EXERCISE GOAL: Whenever "objects" appears in a line, please copy that line from the data.

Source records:
════════════════
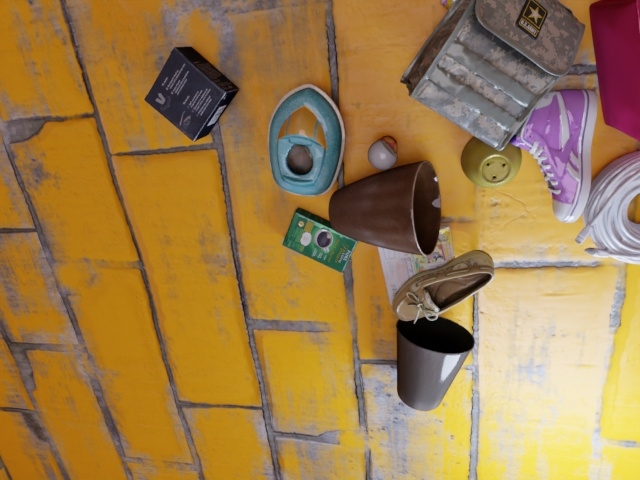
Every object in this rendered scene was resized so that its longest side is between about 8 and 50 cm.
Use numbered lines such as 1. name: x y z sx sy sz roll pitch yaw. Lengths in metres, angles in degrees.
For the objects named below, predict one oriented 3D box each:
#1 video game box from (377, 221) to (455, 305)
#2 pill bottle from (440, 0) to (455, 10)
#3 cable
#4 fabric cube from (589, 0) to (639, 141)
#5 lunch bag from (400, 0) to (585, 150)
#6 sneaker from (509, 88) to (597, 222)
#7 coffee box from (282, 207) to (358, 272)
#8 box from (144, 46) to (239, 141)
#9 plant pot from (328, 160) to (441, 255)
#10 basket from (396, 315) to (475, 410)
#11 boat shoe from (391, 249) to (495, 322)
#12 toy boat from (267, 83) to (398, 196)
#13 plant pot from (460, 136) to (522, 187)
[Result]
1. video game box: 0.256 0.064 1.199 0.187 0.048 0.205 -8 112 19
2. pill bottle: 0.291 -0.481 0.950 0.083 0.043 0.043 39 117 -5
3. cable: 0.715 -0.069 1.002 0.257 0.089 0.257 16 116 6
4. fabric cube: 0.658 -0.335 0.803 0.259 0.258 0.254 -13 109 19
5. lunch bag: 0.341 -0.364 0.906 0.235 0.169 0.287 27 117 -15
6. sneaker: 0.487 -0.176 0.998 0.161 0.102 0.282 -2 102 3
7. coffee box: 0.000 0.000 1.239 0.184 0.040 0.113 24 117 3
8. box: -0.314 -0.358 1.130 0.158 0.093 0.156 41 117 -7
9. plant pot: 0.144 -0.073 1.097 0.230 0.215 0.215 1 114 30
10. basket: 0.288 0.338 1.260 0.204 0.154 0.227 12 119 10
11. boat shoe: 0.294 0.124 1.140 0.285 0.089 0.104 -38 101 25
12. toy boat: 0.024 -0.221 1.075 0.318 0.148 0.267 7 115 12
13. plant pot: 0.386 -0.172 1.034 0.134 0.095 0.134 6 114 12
════════════════
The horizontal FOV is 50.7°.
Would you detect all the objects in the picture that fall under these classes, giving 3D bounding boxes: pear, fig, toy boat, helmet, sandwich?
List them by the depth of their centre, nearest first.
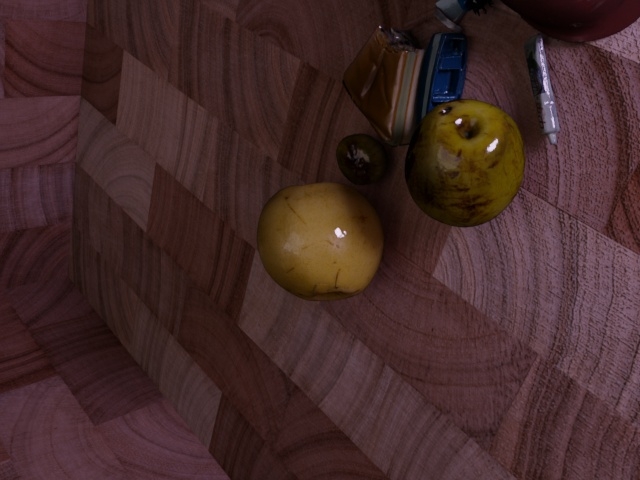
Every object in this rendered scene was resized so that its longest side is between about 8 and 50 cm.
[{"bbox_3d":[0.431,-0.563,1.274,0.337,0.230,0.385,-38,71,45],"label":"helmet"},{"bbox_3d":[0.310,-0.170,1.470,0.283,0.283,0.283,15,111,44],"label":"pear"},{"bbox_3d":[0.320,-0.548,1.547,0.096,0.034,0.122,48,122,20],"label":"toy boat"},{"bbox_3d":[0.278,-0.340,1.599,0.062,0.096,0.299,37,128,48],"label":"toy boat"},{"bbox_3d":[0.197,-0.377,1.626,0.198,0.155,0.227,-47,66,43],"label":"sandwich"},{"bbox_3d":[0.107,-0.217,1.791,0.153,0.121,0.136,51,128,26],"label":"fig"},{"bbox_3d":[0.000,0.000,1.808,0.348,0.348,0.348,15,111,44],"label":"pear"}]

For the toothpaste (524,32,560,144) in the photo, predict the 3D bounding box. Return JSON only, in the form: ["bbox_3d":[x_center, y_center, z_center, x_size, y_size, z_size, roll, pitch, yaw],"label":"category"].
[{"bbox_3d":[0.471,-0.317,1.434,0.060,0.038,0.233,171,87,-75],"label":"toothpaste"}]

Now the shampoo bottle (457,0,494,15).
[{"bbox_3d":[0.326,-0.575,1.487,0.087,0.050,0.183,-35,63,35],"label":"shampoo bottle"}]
════════════════
EXPECTED ANSWER:
For the objects named below, predict one oriented 3D box each:
Would you detect all the objects in the picture that fall under these classes, giving 3D bounding boxes: pear, fig, toy boat, helmet, sandwich?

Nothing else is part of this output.